- Opening Delimiter -

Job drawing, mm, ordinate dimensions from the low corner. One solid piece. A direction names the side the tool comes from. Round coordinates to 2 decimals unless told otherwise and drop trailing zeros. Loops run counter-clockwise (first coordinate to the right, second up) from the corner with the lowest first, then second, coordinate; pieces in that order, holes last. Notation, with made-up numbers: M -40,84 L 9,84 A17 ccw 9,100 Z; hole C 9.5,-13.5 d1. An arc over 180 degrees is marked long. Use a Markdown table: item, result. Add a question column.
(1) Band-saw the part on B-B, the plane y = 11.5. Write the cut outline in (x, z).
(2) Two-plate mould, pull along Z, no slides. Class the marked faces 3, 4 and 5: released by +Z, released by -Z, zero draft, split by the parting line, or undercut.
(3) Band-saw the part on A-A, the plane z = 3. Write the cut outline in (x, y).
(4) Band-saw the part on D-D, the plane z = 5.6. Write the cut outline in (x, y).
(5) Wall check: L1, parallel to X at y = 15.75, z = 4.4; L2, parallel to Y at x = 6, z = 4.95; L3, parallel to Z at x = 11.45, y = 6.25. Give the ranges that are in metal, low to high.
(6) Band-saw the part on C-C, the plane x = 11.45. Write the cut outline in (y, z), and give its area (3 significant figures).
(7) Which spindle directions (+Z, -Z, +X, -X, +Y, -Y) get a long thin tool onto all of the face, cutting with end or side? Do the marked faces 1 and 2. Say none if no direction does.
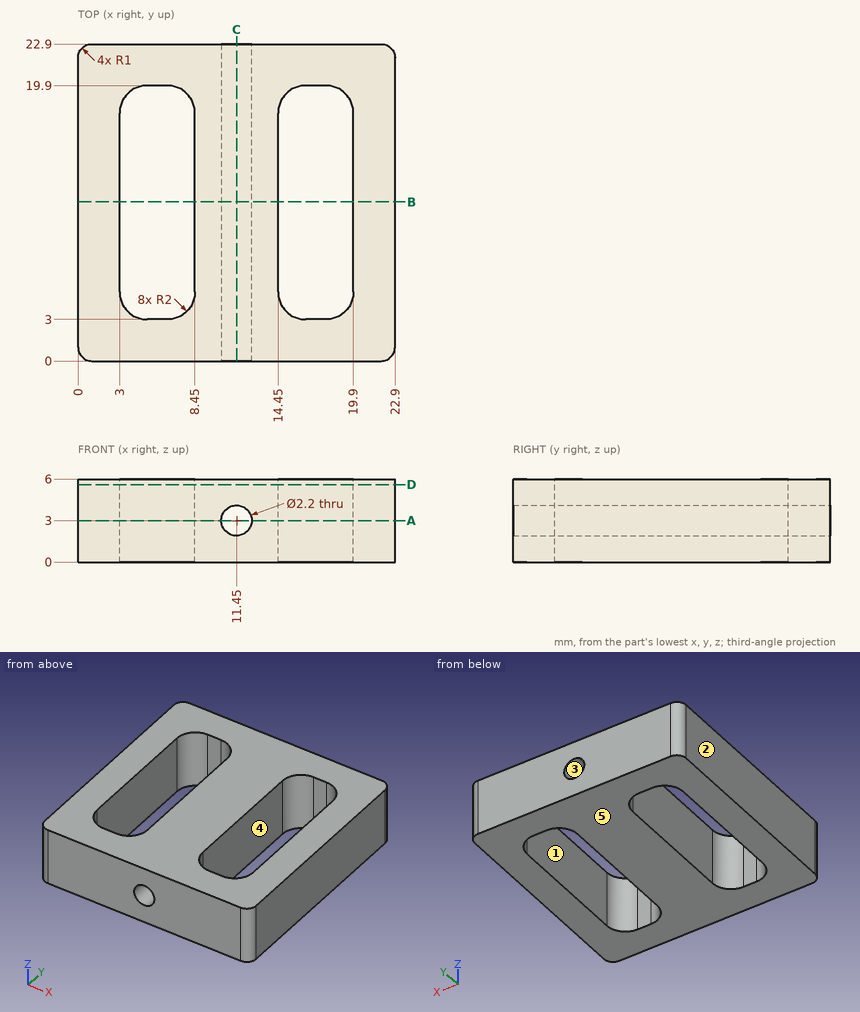
Return value:
| question | item | result |
|---|---|---|
| 1 | outline | M 0,0 L 3,0 L 3,6 L 0,6 Z; M 8.45,0 L 14.45,0 L 14.45,6 L 8.45,6 Z; M 19.9,0 L 22.9,0 L 22.9,6 L 19.9,6 Z; hole C 11.45,3 d2.2 |
| 2 | face 3 | undercut |
| 2 | face 4 | zero draft |
| 2 | face 5 | released by -Z |
| 3 | outline | M 0,1 A1 ccw 1,0 L 10.35,0 L 10.35,22.9 L 1,22.9 A1 ccw 0,21.9 Z; M 12.55,0 L 21.9,0 A1 ccw 22.9,1 L 22.9,21.9 A1 ccw 21.9,22.9 L 12.55,22.9 Z; hole M 3,5 A2 ccw 5,3 L 6.45,3 A2 ccw 8.45,5 L 8.45,17.9 A2 ccw 6.45,19.9 L 5,19.9 A2 ccw 3,17.9 Z; hole M 14.45,5 A2 ccw 16.45,3 L 17.9,3 A2 ccw 19.9,5 L 19.9,17.9 A2 ccw 17.9,19.9 L 16.45,19.9 A2 ccw 14.45,17.9 Z |
| 4 | outline | M 0,1 A1 ccw 1,0 L 21.9,0 A1 ccw 22.9,1 L 22.9,21.9 A1 ccw 21.9,22.9 L 1,22.9 A1 ccw 0,21.9 Z; hole M 3,5 A2 ccw 5,3 L 6.45,3 A2 ccw 8.45,5 L 8.45,17.9 A2 ccw 6.45,19.9 L 5,19.9 A2 ccw 3,17.9 Z; hole M 14.45,5 A2 ccw 16.45,3 L 17.9,3 A2 ccw 19.9,5 L 19.9,17.9 A2 ccw 17.9,19.9 L 16.45,19.9 A2 ccw 14.45,17.9 Z |
| 5 | L1 | 0 to 3, 8.45 to 14.45, 19.9 to 22.9 |
| 5 | L2 | 0 to 3, 19.9 to 22.9 |
| 5 | L3 | 0 to 1.9, 4.1 to 6 |
| 6 | outline | M 0,0 L 22.9,0 L 22.9,1.9 L 0,1.9 Z; M 0,4.1 L 22.9,4.1 L 22.9,6 L 0,6 Z |
| 6 | area | 87.0 mm^2 |
| 7 | face 1 | +Z, -Z |
| 7 | face 2 | +Z, -Z, -X, +Y, -Y |

- Closing Delimiter -

_Activity:_
An exact printout of the listing is needed, minus any pictures it contains.

_Your solution:_
Job drawing, mm, ordinate dimensions from the low corner. One solid piece. A direction names the side the tool comes from. Round coordinates to 2 decimals unless told otherwise and drop trailing zeros. Loops run counter-clockwise (first coordinate to the right, second up) from the corner with the lowest first, then second, coordinate; pieces in that order, holes last. Notation, with made-up numbers: M -40,84 L 9,84 A17 ccw 9,100 Z; hole C 9.5,-13.5 d1. An arc over 180 degrees is marked long. Use a Markdown table: item, result. Add a question column.
(1) Band-saw the part on B-B, the plane y = 11.5. Write the cut outline in (x, z).
(2) Two-plate mould, pull along Z, no slides. Class the marked faces 3, 4 and 5: released by +Z, released by -Z, zero draft, split by the parting line, or undercut.
(3) Band-saw the part on A-A, the plane z = 3. Write the cut outline in (x, y).
(4) Band-saw the part on D-D, the plane z = 5.6. Write the cut outline in (x, y).
(5) Wall check: L1, parallel to X at y = 15.75, z = 4.4; L2, parallel to Y at x = 6, z = 4.95; L3, parallel to Z at x = 11.45, y = 6.25. Give the ranges that are in metal, low to high.
(6) Band-saw the part on C-C, the plane x = 11.45. Write the cut outline in (y, z), and give its area (3 significant figures).
(7) Which spindle directions (+Z, -Z, +X, -X, +Y, -Y) get a long thin tool onto all of the face, cutting with end or side? Do the marked faces 1 and 2. Say none if no direction does.
Return value:
| question | item | result |
|---|---|---|
| 1 | outline | M 0,0 L 3,0 L 3,6 L 0,6 Z; M 8.45,0 L 14.45,0 L 14.45,6 L 8.45,6 Z; M 19.9,0 L 22.9,0 L 22.9,6 L 19.9,6 Z; hole C 11.45,3 d2.2 |
| 2 | face 3 | undercut |
| 2 | face 4 | zero draft |
| 2 | face 5 | released by -Z |
| 3 | outline | M 0,1 A1 ccw 1,0 L 10.35,0 L 10.35,22.9 L 1,22.9 A1 ccw 0,21.9 Z; M 12.55,0 L 21.9,0 A1 ccw 22.9,1 L 22.9,21.9 A1 ccw 21.9,22.9 L 12.55,22.9 Z; hole M 3,5 A2 ccw 5,3 L 6.45,3 A2 ccw 8.45,5 L 8.45,17.9 A2 ccw 6.45,19.9 L 5,19.9 A2 ccw 3,17.9 Z; hole M 14.45,5 A2 ccw 16.45,3 L 17.9,3 A2 ccw 19.9,5 L 19.9,17.9 A2 ccw 17.9,19.9 L 16.45,19.9 A2 ccw 14.45,17.9 Z |
| 4 | outline | M 0,1 A1 ccw 1,0 L 21.9,0 A1 ccw 22.9,1 L 22.9,21.9 A1 ccw 21.9,22.9 L 1,22.9 A1 ccw 0,21.9 Z; hole M 3,5 A2 ccw 5,3 L 6.45,3 A2 ccw 8.45,5 L 8.45,17.9 A2 ccw 6.45,19.9 L 5,19.9 A2 ccw 3,17.9 Z; hole M 14.45,5 A2 ccw 16.45,3 L 17.9,3 A2 ccw 19.9,5 L 19.9,17.9 A2 ccw 17.9,19.9 L 16.45,19.9 A2 ccw 14.45,17.9 Z |
| 5 | L1 | 0 to 3, 8.45 to 14.45, 19.9 to 22.9 |
| 5 | L2 | 0 to 3, 19.9 to 22.9 |
| 5 | L3 | 0 to 1.9, 4.1 to 6 |
| 6 | outline | M 0,0 L 22.9,0 L 22.9,1.9 L 0,1.9 Z; M 0,4.1 L 22.9,4.1 L 22.9,6 L 0,6 Z |
| 6 | area | 87.0 mm^2 |
| 7 | face 1 | +Z, -Z |
| 7 | face 2 | +Z, -Z, -X, +Y, -Y |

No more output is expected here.